When the degree of freedom is 3 and at the 1% level of significance the critical value is about 11.34.
You can confirm with this value using cdf.

In [44]:
p = chi2.cdf(critical_value, dof)
p

0.99

# The null and alternative hypotheses

$H_0:$ Two variables are independent.
$H_1:$ Two variables are dependent.

If we reject the Null hypotheses by comparing the Chi-square value and the critical value.

In [47]:
subjects = pd.DataFrame(
    [
        [25,46,15],
        [15,44,15],
        [10,10,20]
    ],
    index=['Biology','Chemistry','Physics'],
    columns=['Math SL AA','Math SL AI','Math HL'])
subjects

Unnamed: 0,Math SL AA,Math SL AI,Math HL
Biology,25,46,15
Chemistry,15,44,15
Physics,10,10,20


If $\chi_{calc}^2 > \chi_{critical}^2$ we reject the null hypothesis.

In [76]:
chi, pval, dof, exp = chi2_contingency(subjects)

significance = 0.05
p = 1 - significance
critical_value = chi2.ppf(p, dof)

print('chi=%.6f, critical value=%.6f\n' % (chi, critical_value))

if chi > critical_value:
	print("""At %.2f level of significance, we reject the null hypotheses and accept H1. 
They are not independent.""" % (significance))
else:
	print("""At %.2f level of significance, we accept the null hypotheses. 
They are independent.""" % (significance))

chi=20.392835, critical value=9.487729

At 0.05 level of significance, we reject the null hypotheses and accept H1. 
They are not independent.


Alternatively we can compare p-value and the level of siginificance.
If `p-value < the level of significance`, we reject the null hypotheses.

In [74]:
chi, pval, dof, exp = chi2_contingency(subjects)
significance = 0.05

print('p-value=%.6f, significance=%.2f\n' % (pval, significance))

if pval < significance:
	print("""At %.2f level of significance, we reject the null hypotheses and accept H1. 
They are not independent.""" % (significance))
else:
	print("""At %.2f level of significance, we accept the null hypotheses. 
They are independent.""" % (significance))

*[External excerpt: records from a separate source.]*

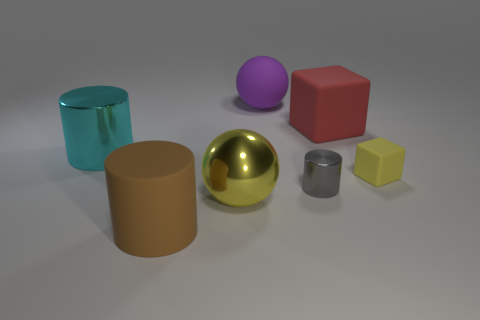The brown object that is the same material as the large purple sphere is what shape?
Make the answer very short. Cylinder. There is a yellow object that is the same material as the gray thing; what is its size?
Offer a terse response. Large. The matte object that is both in front of the cyan shiny cylinder and left of the red object has what shape?
Provide a short and direct response. Cylinder. There is a rubber thing that is left of the big sphere behind the tiny rubber block; what size is it?
Ensure brevity in your answer.  Large. What number of other objects are there of the same color as the small block?
Keep it short and to the point. 1. What material is the large yellow thing?
Offer a terse response. Metal. Are any large cyan matte cylinders visible?
Your answer should be very brief. No. Are there the same number of metallic cylinders behind the large red matte block and big cylinders?
Your response must be concise. No. Is there anything else that is the same material as the purple ball?
Provide a succinct answer. Yes. How many small things are green rubber blocks or brown matte cylinders?
Ensure brevity in your answer.  0. 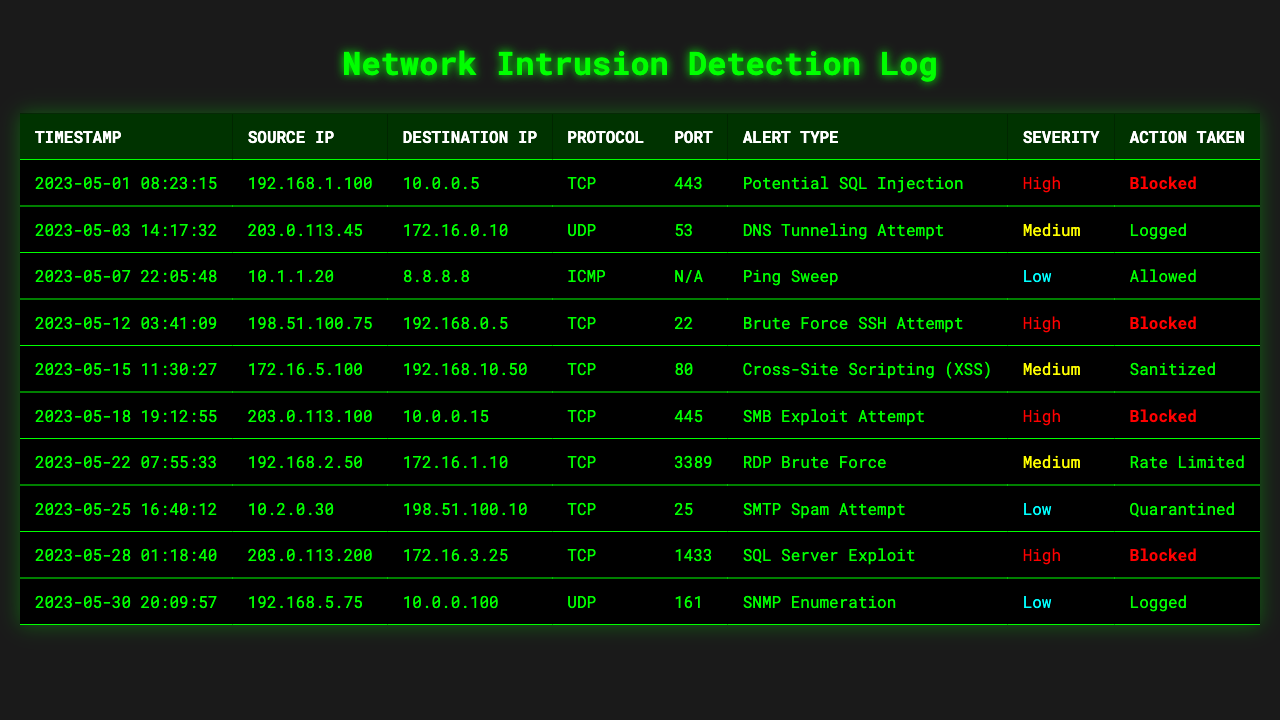What is the highest severity alert type recorded in the log? By examining the 'Severity' column, "High" appears multiple times, indicating that there are alerts with this highest severity level. The alert types associated with "High" severity are: Potential SQL Injection, Brute Force SSH Attempt, SMB Exploit Attempt, and SQL Server Exploit.
Answer: Potential SQL Injection How many log entries were blocked as a result of detected incidents? To determine the number of blocked entries, we can look through the 'Action Taken' column and count the occurrences of "Blocked". There are 4 entries where action taken was "Blocked".
Answer: 4 Which source IP had the earliest timestamp in the logs? The timestamps in the log can be sorted in ascending order to find the earliest entry. The earliest timestamp is "2023-05-01 08:23:15" from the source IP "192.168.1.100".
Answer: 192.168.1.100 How many entries involved UDP protocol? By scanning through the 'Protocol' column we can count how many times "UDP" appears. There are 2 entries that involved UDP.
Answer: 2 What action was taken for the DNS Tunneling Attempt? Looking at the specific row for the alert "DNS Tunneling Attempt" in the 'Alert Type' column, we see that the action taken was "Logged".
Answer: Logged Is there any entry recorded for the "Cross-Site Scripting (XSS)" alert type? Yes, by locating the row with "Cross-Site Scripting (XSS)" in the 'Alert Type' column, we confirm that such an entry exists.
Answer: Yes What is the average severity level of the alerts in the log data? Each severity level can be assigned a numerical value: High=3, Medium=2, Low=1. We calculate the average by summing the severity values (4 High, 4 Medium, and 3 Low = (4*3 + 4*2 + 3*1) / 11 = 2.09), rounding this indicates the average severity level is Medium.
Answer: Medium Which alert type has the maximum occurrence in the log data? By analyzing the 'Alert Type' column and counting the frequency of each type, we discover that there is no 'alert type' that appears more than once across the data. Thus, all alert types have a maximum occurrence of 1.
Answer: None What percentage of actions taken were blocked? The total number of log entries is 10. Since we established earlier that 4 entries were blocked, the percentage is calculated as (4/10) * 100 = 40%.
Answer: 40% How many different destination IPs are recorded in the log data? By reviewing the 'Destination IP' column, we check for unique entries. The distinct destination IPs present total 9.
Answer: 9 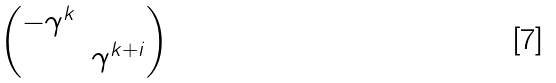Convert formula to latex. <formula><loc_0><loc_0><loc_500><loc_500>\begin{pmatrix} - \gamma ^ { k } & \\ & \gamma ^ { k + i } \\ \end{pmatrix}</formula>

p-value=0.000418, significance=0.05

At 0.05 level of significance, we reject the null hypotheses and accept H1. 
They are not independent.


# Conclusion

Once you know how to extract data from the CSV file, it is reasonably easy to find Chi-square, p-value, degree of freedom and critical value.